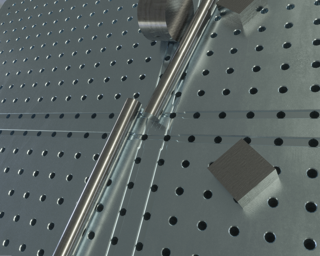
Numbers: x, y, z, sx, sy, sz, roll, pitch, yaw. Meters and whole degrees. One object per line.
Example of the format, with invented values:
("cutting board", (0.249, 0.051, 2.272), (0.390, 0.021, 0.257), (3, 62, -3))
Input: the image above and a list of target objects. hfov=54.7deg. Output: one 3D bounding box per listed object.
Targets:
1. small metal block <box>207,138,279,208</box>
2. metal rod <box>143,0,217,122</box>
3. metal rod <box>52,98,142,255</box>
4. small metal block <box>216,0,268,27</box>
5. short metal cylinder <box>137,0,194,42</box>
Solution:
("small metal block", (0.088, 0.048, 0.333), (0.050, 0.025, 0.050), (-41, 51, 0))
("metal rod", (0.051, -0.143, 0.469), (0.025, 0.025, 0.300), (14, 69, 34))
("metal rod", (-0.091, 0.093, 0.399), (0.025, 0.025, 0.300), (9, 66, 32))
("small metal block", (0.121, -0.184, 0.458), (0.050, 0.025, 0.050), (-43, 51, -1))
("short metal cylinder", (0.010, -0.174, 0.475), (0.050, 0.080, 0.080), (13, 68, 33))
========
(EXERCISE): Precisely the lines between those holding "Input: the image" and "5. short metal", inclusive, are to be reproduced from the listing above, with nothing added.

(ANSWER FOR THE TASK):
Input: the image above and a list of target objects. hfov=54.7deg. Output: one 3D bounding box per listed object.
Targets:
1. small metal block <box>207,138,279,208</box>
2. metal rod <box>143,0,217,122</box>
3. metal rod <box>52,98,142,255</box>
4. small metal block <box>216,0,268,27</box>
5. short metal cylinder <box>137,0,194,42</box>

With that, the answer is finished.